→ **Given information**:
<<<<

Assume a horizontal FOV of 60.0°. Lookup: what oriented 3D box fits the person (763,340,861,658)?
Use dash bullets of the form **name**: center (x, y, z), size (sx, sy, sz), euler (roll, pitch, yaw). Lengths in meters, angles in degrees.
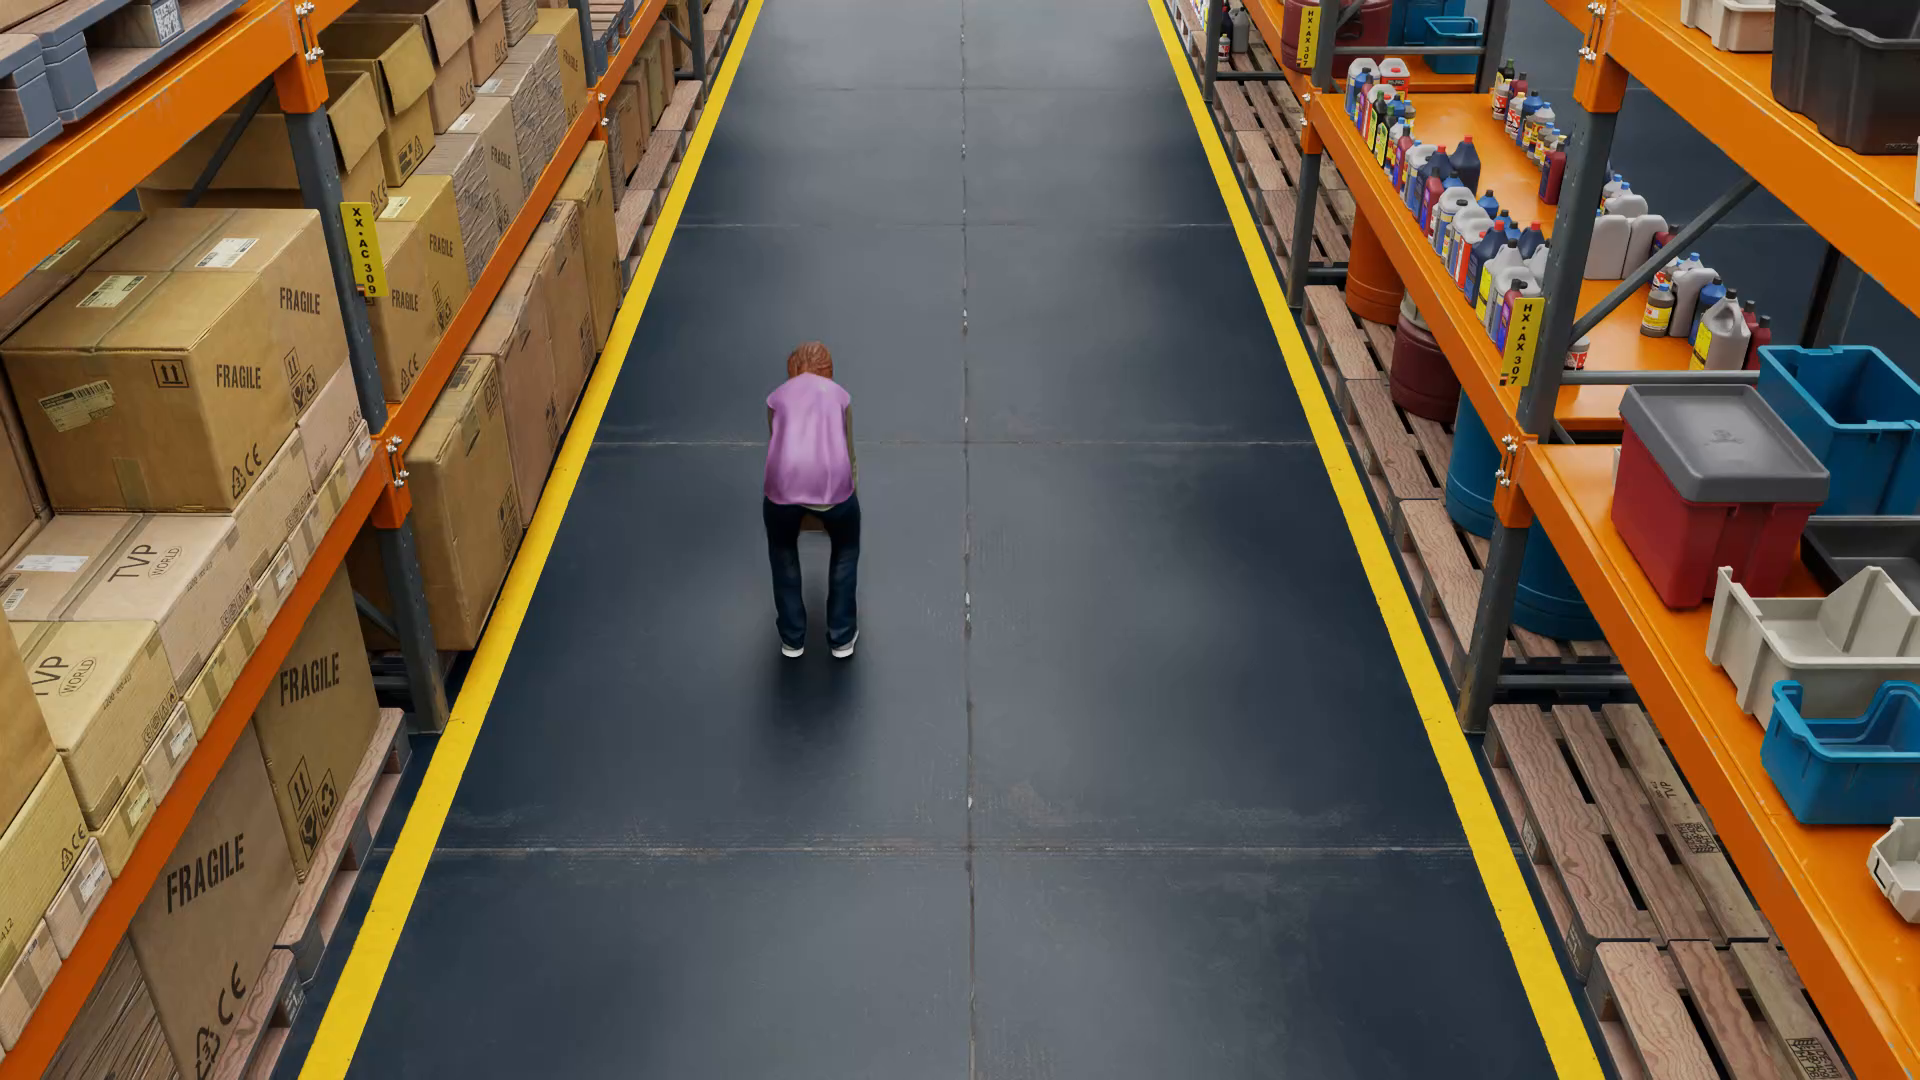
- **person**: center (-0.597, -0.154, 6.831), size (0.385, 1.136, 0.848), euler (-1, 32, -2)

>>>>

→ **What needs to be done**: Where the data contains an image, skip the image and copy everything else exactly as it appears.

→ **Written response**:
Assume a horizontal FOV of 60.0°. Lookup: what oriented 3D box fits the person (763,340,861,658)?
Use dash bullets of the form **name**: center (x, y, z), size (sx, sy, sz), euler (roll, pitch, yaw). Lengths in meters, angles in degrees.
- **person**: center (-0.597, -0.154, 6.831), size (0.385, 1.136, 0.848), euler (-1, 32, -2)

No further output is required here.